Labour’s farm tax is pure class war
Socialists targeting landowners is nothing new, but don’t expect the countryside to take Labour’s punitive farm tax lying down, says James Price
“Buy land – they ain’t making any more of it”. With apologies to the Dutch and their reclamation efforts, this has been solid investment advice for a long time.
But that’s about to change. Not content with increasing taxes, increasing borrowing, and spreading a general sense of doom across Britain, Chancellor Rachel Reeves has also determined that the Great British family farm must suffer, too. Apparently the government ‘can’t afford not’ to remove the inheritance tax relief that has enabled farms to be passed down through the generations. This relief will now be capped at £1m and 20 per cent charged on agricultural property in excess of this.
Worrying ignorance
This betrays a worrying ignorance of how farming actually works Many genuine food-producing farms will have large assets and land holdings, but very slim profit margins. These farmers are not wealthy and their children are now facing the very real prospect of having to sell ancestral land. That’s not only devastating for them personally, but a threat to food security.
Few have done more to highlight the harsh reality of rural life than Jeremy Clarkson. The policy has led him to dub Reeves “the most stupid, blinkered idiot ever to occupy No 11”. Meanwhile, NFU president Tom Bradshaw has said: “Let’s not sugar-coat this, every penny the Chancellor saves from this will come directly from the next generation having to break-up their family farm.”
Jeremy Clarkson has called Reeves “the most stupid, blinkered idiot ever to occupy No 11”
Why then, are Reeves and the environment secretary, Steve Reed, so deaf to this plight? Reed is on record as saying, quite callously, that farmers will have to “learn to do more with less”. I fear that this comes down to pure class warfare.
Socialists have long been suspicious of landowners – a trend which found its fullest expression in the Soviet Union’s forced collectivisation of agriculture in the 30s. This was explicitly framed as an effort to liquidate the kulaks – affluent peasants who Stalin regarded as opposed to his regime. The end, and inevitable, result of ‘dekulakisation’ was despair and famine.

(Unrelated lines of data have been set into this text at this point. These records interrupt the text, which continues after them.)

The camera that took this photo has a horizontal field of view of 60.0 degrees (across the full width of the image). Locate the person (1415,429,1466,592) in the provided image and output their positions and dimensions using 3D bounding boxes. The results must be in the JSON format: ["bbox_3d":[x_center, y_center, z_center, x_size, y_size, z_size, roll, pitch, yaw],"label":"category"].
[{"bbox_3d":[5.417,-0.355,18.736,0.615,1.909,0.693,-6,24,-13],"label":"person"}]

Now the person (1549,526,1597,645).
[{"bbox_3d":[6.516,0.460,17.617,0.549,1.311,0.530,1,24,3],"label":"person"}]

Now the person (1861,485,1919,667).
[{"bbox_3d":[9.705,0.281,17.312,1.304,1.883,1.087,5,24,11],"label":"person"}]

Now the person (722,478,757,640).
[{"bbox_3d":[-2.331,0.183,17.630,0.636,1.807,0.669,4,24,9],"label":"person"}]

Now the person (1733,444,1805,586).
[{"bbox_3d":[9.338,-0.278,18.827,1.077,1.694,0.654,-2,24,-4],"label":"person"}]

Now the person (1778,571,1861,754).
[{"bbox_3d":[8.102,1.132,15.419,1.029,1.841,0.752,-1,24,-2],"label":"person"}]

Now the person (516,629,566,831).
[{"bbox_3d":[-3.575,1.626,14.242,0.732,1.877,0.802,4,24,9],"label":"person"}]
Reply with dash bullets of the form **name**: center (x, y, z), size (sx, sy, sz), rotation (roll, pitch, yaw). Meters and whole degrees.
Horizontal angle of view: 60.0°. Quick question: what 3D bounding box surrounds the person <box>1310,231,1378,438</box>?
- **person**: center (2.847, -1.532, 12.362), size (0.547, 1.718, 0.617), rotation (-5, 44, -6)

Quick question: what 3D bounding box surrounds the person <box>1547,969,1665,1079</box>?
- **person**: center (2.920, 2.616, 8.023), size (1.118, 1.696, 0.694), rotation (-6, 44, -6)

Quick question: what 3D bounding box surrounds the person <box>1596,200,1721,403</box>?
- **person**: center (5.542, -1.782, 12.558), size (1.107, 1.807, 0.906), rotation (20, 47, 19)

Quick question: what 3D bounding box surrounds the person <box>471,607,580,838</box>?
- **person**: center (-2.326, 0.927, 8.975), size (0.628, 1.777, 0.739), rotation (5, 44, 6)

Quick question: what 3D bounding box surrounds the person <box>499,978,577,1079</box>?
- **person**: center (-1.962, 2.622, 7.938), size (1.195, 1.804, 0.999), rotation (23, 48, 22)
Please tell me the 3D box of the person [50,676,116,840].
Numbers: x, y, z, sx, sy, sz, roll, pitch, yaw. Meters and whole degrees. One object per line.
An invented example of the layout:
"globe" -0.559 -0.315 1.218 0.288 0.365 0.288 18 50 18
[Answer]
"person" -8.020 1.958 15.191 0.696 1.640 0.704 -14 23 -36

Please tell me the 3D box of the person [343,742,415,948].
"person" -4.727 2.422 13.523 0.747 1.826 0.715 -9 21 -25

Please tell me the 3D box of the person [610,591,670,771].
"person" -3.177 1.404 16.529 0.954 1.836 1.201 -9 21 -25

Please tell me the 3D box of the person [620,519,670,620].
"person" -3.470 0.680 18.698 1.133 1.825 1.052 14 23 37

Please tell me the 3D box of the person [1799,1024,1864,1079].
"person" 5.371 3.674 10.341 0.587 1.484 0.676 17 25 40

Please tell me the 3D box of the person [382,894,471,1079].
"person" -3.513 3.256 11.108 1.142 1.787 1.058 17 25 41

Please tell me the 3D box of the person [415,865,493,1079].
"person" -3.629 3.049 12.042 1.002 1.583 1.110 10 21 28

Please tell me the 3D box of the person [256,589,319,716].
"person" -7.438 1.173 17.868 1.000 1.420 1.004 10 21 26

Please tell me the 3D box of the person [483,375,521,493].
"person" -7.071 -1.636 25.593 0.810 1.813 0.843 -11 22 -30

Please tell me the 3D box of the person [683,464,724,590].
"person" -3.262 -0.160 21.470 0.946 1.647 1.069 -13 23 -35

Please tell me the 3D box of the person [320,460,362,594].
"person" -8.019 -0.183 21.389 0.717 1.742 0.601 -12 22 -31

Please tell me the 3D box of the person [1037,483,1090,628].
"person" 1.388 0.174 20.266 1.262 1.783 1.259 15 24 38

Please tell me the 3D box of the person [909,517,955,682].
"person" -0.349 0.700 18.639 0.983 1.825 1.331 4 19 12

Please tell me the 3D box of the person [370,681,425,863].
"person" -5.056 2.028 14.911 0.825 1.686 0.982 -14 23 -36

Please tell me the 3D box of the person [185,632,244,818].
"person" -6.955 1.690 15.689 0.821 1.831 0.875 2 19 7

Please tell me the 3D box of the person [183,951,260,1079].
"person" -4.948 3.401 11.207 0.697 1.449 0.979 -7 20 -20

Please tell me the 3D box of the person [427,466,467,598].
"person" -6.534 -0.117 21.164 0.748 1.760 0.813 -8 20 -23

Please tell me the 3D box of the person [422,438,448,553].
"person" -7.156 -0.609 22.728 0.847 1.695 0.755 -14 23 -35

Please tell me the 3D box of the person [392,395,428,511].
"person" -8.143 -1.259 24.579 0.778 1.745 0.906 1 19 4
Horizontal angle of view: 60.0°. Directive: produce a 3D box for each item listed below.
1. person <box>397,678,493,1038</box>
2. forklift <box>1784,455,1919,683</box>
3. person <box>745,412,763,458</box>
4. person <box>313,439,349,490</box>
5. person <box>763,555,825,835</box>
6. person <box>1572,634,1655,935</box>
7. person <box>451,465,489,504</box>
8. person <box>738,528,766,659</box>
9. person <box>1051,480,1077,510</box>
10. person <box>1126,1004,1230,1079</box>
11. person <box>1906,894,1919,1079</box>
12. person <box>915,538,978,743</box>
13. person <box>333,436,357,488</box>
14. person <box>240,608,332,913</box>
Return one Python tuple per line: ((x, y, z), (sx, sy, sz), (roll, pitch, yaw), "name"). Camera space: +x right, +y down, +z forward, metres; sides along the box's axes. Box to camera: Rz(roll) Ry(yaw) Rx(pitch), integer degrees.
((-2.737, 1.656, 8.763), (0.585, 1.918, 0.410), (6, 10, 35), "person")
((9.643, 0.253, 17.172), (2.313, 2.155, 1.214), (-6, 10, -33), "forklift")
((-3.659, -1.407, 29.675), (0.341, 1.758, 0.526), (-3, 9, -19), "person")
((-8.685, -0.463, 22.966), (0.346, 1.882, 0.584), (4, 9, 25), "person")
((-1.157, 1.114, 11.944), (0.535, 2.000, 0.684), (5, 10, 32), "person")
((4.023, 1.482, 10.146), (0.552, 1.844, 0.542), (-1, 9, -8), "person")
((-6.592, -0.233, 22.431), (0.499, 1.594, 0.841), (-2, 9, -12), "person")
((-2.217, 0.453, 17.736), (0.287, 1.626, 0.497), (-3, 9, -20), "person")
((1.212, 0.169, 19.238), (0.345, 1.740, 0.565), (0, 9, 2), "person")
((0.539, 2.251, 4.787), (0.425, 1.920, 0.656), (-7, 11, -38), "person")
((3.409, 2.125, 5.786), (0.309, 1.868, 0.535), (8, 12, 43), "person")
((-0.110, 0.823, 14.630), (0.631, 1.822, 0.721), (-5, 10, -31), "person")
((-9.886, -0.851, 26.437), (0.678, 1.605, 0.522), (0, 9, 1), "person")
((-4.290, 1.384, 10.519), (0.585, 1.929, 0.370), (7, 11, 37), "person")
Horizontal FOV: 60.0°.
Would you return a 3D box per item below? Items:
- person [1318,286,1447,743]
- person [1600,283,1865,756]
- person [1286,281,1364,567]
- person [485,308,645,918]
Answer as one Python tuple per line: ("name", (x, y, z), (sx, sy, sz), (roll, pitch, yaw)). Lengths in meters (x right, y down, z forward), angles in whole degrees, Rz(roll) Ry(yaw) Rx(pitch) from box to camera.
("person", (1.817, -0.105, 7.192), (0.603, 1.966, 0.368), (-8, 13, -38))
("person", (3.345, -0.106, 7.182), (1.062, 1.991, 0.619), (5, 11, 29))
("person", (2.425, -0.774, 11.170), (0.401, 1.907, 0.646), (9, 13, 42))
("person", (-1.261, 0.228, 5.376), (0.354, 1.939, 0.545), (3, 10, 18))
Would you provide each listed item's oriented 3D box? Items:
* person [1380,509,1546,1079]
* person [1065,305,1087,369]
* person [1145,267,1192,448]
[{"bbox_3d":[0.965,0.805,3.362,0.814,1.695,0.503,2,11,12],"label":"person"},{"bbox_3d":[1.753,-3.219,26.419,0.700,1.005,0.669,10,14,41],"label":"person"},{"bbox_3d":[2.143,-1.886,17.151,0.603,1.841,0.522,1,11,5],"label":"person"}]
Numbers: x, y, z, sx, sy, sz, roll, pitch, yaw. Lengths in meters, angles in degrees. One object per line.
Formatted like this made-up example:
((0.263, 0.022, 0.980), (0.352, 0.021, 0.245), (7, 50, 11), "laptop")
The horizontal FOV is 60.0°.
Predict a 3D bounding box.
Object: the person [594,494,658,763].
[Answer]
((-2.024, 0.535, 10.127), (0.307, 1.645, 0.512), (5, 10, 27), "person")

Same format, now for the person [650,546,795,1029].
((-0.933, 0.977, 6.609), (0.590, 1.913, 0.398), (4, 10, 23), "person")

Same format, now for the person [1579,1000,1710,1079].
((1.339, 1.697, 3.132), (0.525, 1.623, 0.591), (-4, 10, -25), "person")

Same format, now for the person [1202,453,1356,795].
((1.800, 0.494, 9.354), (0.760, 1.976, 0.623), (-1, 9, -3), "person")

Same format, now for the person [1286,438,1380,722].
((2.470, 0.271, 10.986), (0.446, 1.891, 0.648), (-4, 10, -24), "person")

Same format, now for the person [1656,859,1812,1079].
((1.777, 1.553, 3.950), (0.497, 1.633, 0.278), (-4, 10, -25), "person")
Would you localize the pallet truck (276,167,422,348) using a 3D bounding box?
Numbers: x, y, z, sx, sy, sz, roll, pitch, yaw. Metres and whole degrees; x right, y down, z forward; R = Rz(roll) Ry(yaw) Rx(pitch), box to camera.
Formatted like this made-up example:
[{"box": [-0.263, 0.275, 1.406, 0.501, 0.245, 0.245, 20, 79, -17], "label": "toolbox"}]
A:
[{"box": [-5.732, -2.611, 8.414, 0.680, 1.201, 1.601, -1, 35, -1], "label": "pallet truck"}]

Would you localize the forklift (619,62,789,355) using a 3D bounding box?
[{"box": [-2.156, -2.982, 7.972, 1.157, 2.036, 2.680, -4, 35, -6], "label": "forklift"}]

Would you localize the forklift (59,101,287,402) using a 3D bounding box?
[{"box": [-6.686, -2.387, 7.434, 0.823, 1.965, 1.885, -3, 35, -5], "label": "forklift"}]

Labour governments are nowhere near so extreme, but no less motivated by class hatred. Just as Tony Blair targeted country pursuits like fox hunting, this government wants to go after the aristocrats and billionaires it wrongly believes own all the land in Britain. This also explains their disastrous VAT hike on Britain’s world-beating independent school sector, as well as the punitive tax raids on capital gains. But it is ordinary farmers – the very definition of ‘working people’ – who will be caught in the crossfire. Many will end up selling their land to international conglomerates who will stick solar panels all over it. Great news for the likes of Red Ed, less so for anyone moved by notions of England’s green and pleasant land.
There is another historical example that should give Labour pause: the Xiaogong farmers in China. Suffering under the collectivisations of Mao and the ensuing starvation, these farmers agreed a secret pact to ignore the communist diktats and grant each family its own plot of land. If a family grew a lot of food, they could keep some of the harvest. It was the same land and the same equipment, all that changed was the incentives. “We all secretly competed,” recalled farmer Yen Jingchang, “everyone wanted to produce more than the next person.”
At the end of the season, their harvest was bigger than the last five years combined.
That huge harvest gave them away, and it was only thanks to the ascendancy of the reforming premier Deng Xiaoping that they were celebrated instead of shot. This powerful example shows the importance of ownership to output.
Britain’s pastures are in danger, but you can bet the farm that the countryside won’t take it lying down.